Furthermore, Jung suggests, there is a shared, underlying psychological reason why so many ancient cultures used the common symbols of fire for this phase of their development.  It would seem that for many, that once they let go of the closely-held, relatively petty details of their day-to-day life and acknowledge a connection between themselves and the wider universe and things divine – that, upon letting go – their own fires of passion and emotion become alight.
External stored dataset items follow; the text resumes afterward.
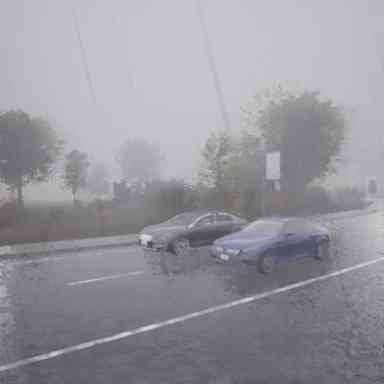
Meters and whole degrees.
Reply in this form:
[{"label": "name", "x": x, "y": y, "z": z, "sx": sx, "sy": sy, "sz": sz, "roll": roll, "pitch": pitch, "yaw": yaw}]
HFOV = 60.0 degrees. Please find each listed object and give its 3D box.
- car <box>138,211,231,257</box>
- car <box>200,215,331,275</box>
[{"label": "car", "x": 0.223, "y": 1.511, "z": 13.182, "sx": 4.902, "sy": 1.511, "sz": 2.128, "roll": 0, "pitch": 0, "yaw": -39}, {"label": "car", "x": 2.691, "y": 1.537, "z": 10.666, "sx": 4.674, "sy": 1.442, "sz": 1.812, "roll": 0, "pitch": 0, "yaw": -40}]
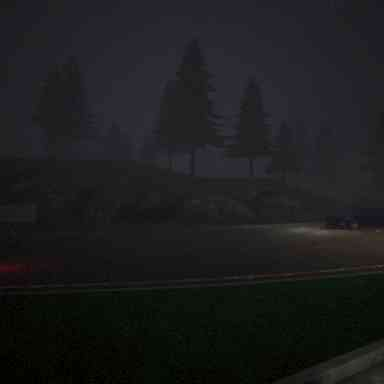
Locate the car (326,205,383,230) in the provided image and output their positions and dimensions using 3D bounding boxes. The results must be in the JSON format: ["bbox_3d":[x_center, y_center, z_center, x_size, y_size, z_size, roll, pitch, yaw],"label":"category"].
[{"bbox_3d":[11.295,1.628,22.334,5.008,1.535,1.882,1,0,-24],"label":"car"}]
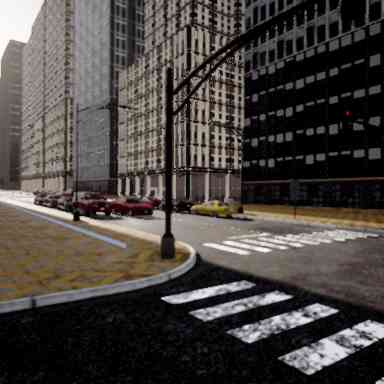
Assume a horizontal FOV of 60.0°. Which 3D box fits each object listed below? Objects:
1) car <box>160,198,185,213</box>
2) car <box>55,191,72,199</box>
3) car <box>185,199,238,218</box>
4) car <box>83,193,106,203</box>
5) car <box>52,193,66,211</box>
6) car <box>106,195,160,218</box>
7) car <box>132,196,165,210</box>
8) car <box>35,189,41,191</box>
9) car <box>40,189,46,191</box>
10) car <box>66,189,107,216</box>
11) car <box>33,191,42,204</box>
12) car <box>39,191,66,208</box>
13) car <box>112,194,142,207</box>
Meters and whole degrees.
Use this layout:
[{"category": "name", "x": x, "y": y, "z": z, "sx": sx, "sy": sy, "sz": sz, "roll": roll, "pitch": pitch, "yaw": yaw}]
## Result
[{"category": "car", "x": -1.520, "y": 1.266, "z": 32.220, "sx": 1.947, "sy": 1.339, "sz": 4.313, "roll": 2, "pitch": 0, "yaw": -36}, {"category": "car", "x": -24.791, "y": 0.483, "z": 64.145, "sx": 1.752, "sy": 1.417, "sz": 4.829, "roll": 2, "pitch": 0, "yaw": -36}, {"category": "car", "x": 1.760, "y": 1.329, "z": 27.870, "sx": 1.752, "sy": 1.417, "sz": 4.829, "roll": 2, "pitch": 0, "yaw": -36}, {"category": "car", "x": -14.761, "y": 0.842, "z": 50.385, "sx": 1.947, "sy": 1.339, "sz": 4.313, "roll": 2, "pitch": 0, "yaw": -36}, {"category": "car", "x": -11.596, "y": 1.089, "z": 31.816, "sx": 1.947, "sy": 1.339, "sz": 4.313, "roll": 2, "pitch": 0, "yaw": -36}, {"category": "car", "x": -4.944, "y": 1.174, "z": 27.236, "sx": 1.882, "sy": 1.535, "sz": 5.008, "roll": 1, "pitch": 1, "yaw": -36}, {"category": "car", "x": -4.831, "y": 1.176, "z": 36.760, "sx": 1.802, "sy": 1.307, "sz": 4.206, "roll": 2, "pitch": 0, "yaw": -36}, {"category": "car", "x": -34.620, "y": 0.087, "z": 77.632, "sx": 1.967, "sy": 1.590, "sz": 4.097, "roll": 2, "pitch": 0, "yaw": -36}, {"category": "car", "x": -31.312, "y": 0.296, "z": 73.090, "sx": 1.887, "sy": 1.381, "sz": 4.507, "roll": 2, "pitch": 0, "yaw": -36}, {"category": "car", "x": -8.278, "y": 0.944, "z": 27.275, "sx": 2.192, "sy": 1.841, "sz": 5.009, "roll": 2, "pitch": 0, "yaw": -36}, {"category": "car", "x": -18.216, "y": 0.894, "z": 40.897, "sx": 1.802, "sy": 1.307, "sz": 4.206, "roll": 2, "pitch": 0, "yaw": -36}, {"category": "car", "x": -14.905, "y": 0.962, "z": 36.356, "sx": 1.887, "sy": 1.381, "sz": 4.507, "roll": 2, "pitch": 0, "yaw": -36}, {"category": "car", "x": -8.141, "y": 1.054, "z": 41.302, "sx": 1.947, "sy": 1.339, "sz": 4.313, "roll": 2, "pitch": 0, "yaw": -36}]
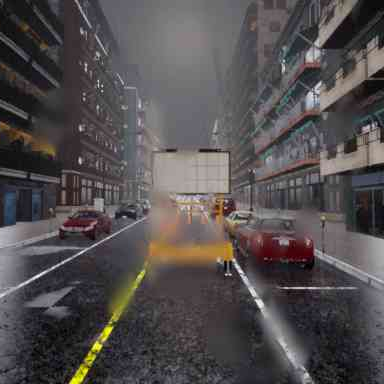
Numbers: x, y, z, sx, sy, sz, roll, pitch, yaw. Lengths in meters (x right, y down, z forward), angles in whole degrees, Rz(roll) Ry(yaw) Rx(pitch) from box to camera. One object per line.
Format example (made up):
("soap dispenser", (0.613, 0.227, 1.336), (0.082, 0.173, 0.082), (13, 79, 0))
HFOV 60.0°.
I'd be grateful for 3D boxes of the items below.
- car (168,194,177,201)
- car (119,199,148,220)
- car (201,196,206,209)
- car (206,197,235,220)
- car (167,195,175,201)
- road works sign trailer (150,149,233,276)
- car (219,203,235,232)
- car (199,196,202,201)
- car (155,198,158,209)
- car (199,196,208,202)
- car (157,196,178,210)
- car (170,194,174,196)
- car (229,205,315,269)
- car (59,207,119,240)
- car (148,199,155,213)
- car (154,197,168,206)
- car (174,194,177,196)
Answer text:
("car", (-5.250, 1.391, 90.609), (2.192, 1.841, 5.009), (2, 0, 0))
("car", (-5.281, 1.585, 28.299), (1.947, 1.339, 4.313), (2, 0, 0))
("car", (2.607, 1.558, 45.455), (1.752, 1.417, 4.829), (2, 0, 0))
("car", (2.607, 1.334, 28.291), (2.192, 1.841, 5.009), (2, 0, 0))
("car", (-5.259, 1.594, 84.773), (1.752, 1.417, 4.829), (2, 0, 0))
("road works sign trailer", (-0.019, 0.471, 10.373), (2.380, 3.560, 2.880), (0, 0, 0))
("car", (2.596, 1.537, 17.132), (1.752, 1.417, 4.829), (2, 0, 0))
("car", (2.609, 1.607, 56.614), (1.947, 1.339, 4.313), (2, 0, 0))
("car", (-5.274, 1.583, 45.293), (2.008, 1.369, 4.403), (2, 0, 0))
("car", (2.618, 1.613, 79.271), (2.008, 1.369, 4.403), (2, 0, 0))
("car", (-2.737, 1.553, 39.904), (1.812, 1.442, 4.674), (0, 0, 0))
("car", (-5.266, 1.595, 67.952), (1.887, 1.381, 4.507), (2, 0, 0))
("car", (2.597, 1.448, 11.298), (1.967, 1.590, 4.097), (2, 0, 0))
("car", (-5.285, 1.593, 16.970), (1.802, 1.307, 4.206), (2, 0, 0))
("car", (-5.274, 1.464, 33.964), (1.967, 1.590, 4.097), (2, 0, 0))
("car", (-5.270, 1.586, 56.622), (1.887, 1.381, 4.507), (2, 0, 0))
("car", (-5.261, 1.588, 79.109), (1.752, 1.417, 4.829), (2, 0, 0))
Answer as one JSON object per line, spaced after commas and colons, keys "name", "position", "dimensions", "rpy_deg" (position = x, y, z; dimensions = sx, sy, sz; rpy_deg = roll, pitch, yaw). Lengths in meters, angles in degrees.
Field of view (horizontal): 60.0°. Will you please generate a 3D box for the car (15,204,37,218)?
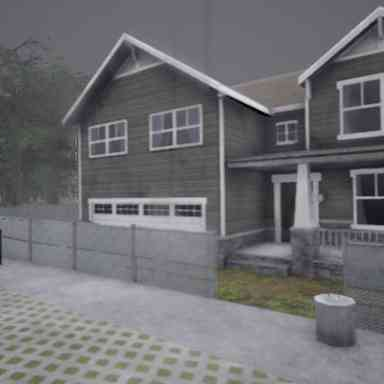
{"name": "car", "position": [-15.435, 1.855, 30.493], "dimensions": [4.902, 1.511, 2.128], "rpy_deg": [0, -1, -32]}
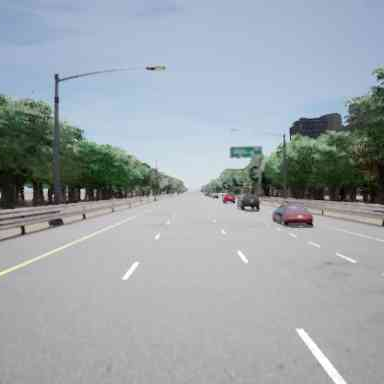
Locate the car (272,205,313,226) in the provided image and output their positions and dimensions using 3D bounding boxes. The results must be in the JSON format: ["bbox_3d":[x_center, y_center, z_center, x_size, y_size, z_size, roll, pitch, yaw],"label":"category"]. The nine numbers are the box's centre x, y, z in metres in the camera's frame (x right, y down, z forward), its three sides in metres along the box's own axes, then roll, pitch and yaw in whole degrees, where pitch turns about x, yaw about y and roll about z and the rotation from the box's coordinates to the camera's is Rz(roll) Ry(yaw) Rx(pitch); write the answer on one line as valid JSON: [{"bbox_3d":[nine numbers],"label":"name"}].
[{"bbox_3d":[7.029,1.570,23.610,1.994,1.385,4.181,0,0,0],"label":"car"}]

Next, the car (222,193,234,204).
[{"bbox_3d":[7.222,1.199,65.706,2.150,2.045,5.566,0,0,0],"label":"car"}]

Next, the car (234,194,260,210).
[{"bbox_3d":[7.094,1.220,42.178,2.150,2.045,5.566,0,0,0],"label":"car"}]
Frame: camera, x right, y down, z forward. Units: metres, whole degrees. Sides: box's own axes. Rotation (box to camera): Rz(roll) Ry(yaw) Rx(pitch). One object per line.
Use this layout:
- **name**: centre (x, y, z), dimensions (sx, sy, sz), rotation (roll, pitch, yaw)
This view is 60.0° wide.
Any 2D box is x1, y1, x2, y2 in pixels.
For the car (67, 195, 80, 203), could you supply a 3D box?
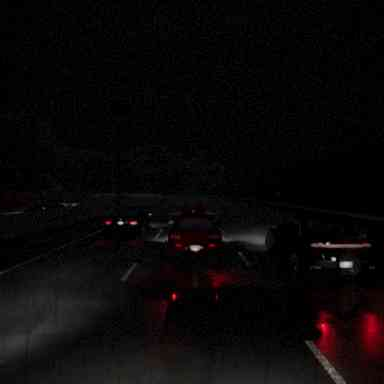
- **car**: centre (-23.820, 1.434, 66.589), dimensions (1.812, 1.442, 4.674), rotation (0, 0, 1)

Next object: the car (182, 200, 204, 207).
- **car**: centre (0.120, 1.438, 30.483), dimensions (1.882, 1.535, 5.008), rotation (0, 0, 0)

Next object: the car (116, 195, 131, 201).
- **car**: centre (-13.312, 1.414, 66.548), dimensions (1.837, 1.490, 4.892), rotation (0, 0, 0)

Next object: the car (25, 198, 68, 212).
- **car**: centre (-14.061, 1.560, 32.046), dimensions (1.895, 1.301, 4.718), rotation (0, 0, 1)

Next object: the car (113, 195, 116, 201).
- **car**: centre (-16.853, 1.346, 76.335), dimensions (1.882, 1.535, 5.008), rotation (0, 0, 0)

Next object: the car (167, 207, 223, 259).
- **car**: centre (0.096, 1.508, 12.335), dimensions (1.812, 1.442, 4.674), rotation (0, 0, 0)

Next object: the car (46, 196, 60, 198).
- **car**: centre (-17.435, 1.453, 39.399), dimensions (1.837, 1.490, 4.892), rotation (0, 0, 1)

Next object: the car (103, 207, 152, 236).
- **car**: centre (-3.406, 1.524, 18.375), dimensions (2.033, 1.411, 5.357), rotation (0, 0, 0)

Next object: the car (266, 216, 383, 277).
- **car**: centre (3.598, 1.478, 10.184), dimensions (2.128, 1.511, 4.902), rotation (0, 0, 0)

So it is just that – you get into the world of fire, where things become red-hot.  After baptism, you get right into hell – that is the enantiodromia.  And now comes the paradox of the east: it is also the fullness of jewels.  But what is passion, what are emotions? There is the source of fire, there is the fullness of energy.  A man who is not on fire is nothing: he is ridiculous, he is two-dimensional. … So when people become acquainted with the unconscious they often get into an extraordinary state – they flare up, they explode, old buried emotions come up, they begin to weep about things which happened forty years ago.

I think I can relate to this notion.  Perhaps when you accept that you’re just a part of a larger plan, or just a single link in a long continuum, you stop worrying about the petty stuff which then allows your own deeper passions and emotions to flow more freely.  Both the good emotions related to creativity and love as well as feelings of sadness and loss that come along with recognizing your fate and limitations  – all begin to emerge.  These feelings make a person feel more “alive” than they would just playing it safe, workin’ 9-to-5 payin’ the bills etc., etc. and never allowing themselves to embark on their spiritual journey.

So it seems, as suggested by Jung, that we begin our spiritual awakening as humans have for thousands of years, by “taking the plunge” and choosing – not the “safe career” path – but a path in life that “means something” to us.  From the dark, uncertain waters, we emerge – and then the inner fires begin to burn, to inflame our passions and give us energy, to live and to create.

… can’t wait to see what’s in store next!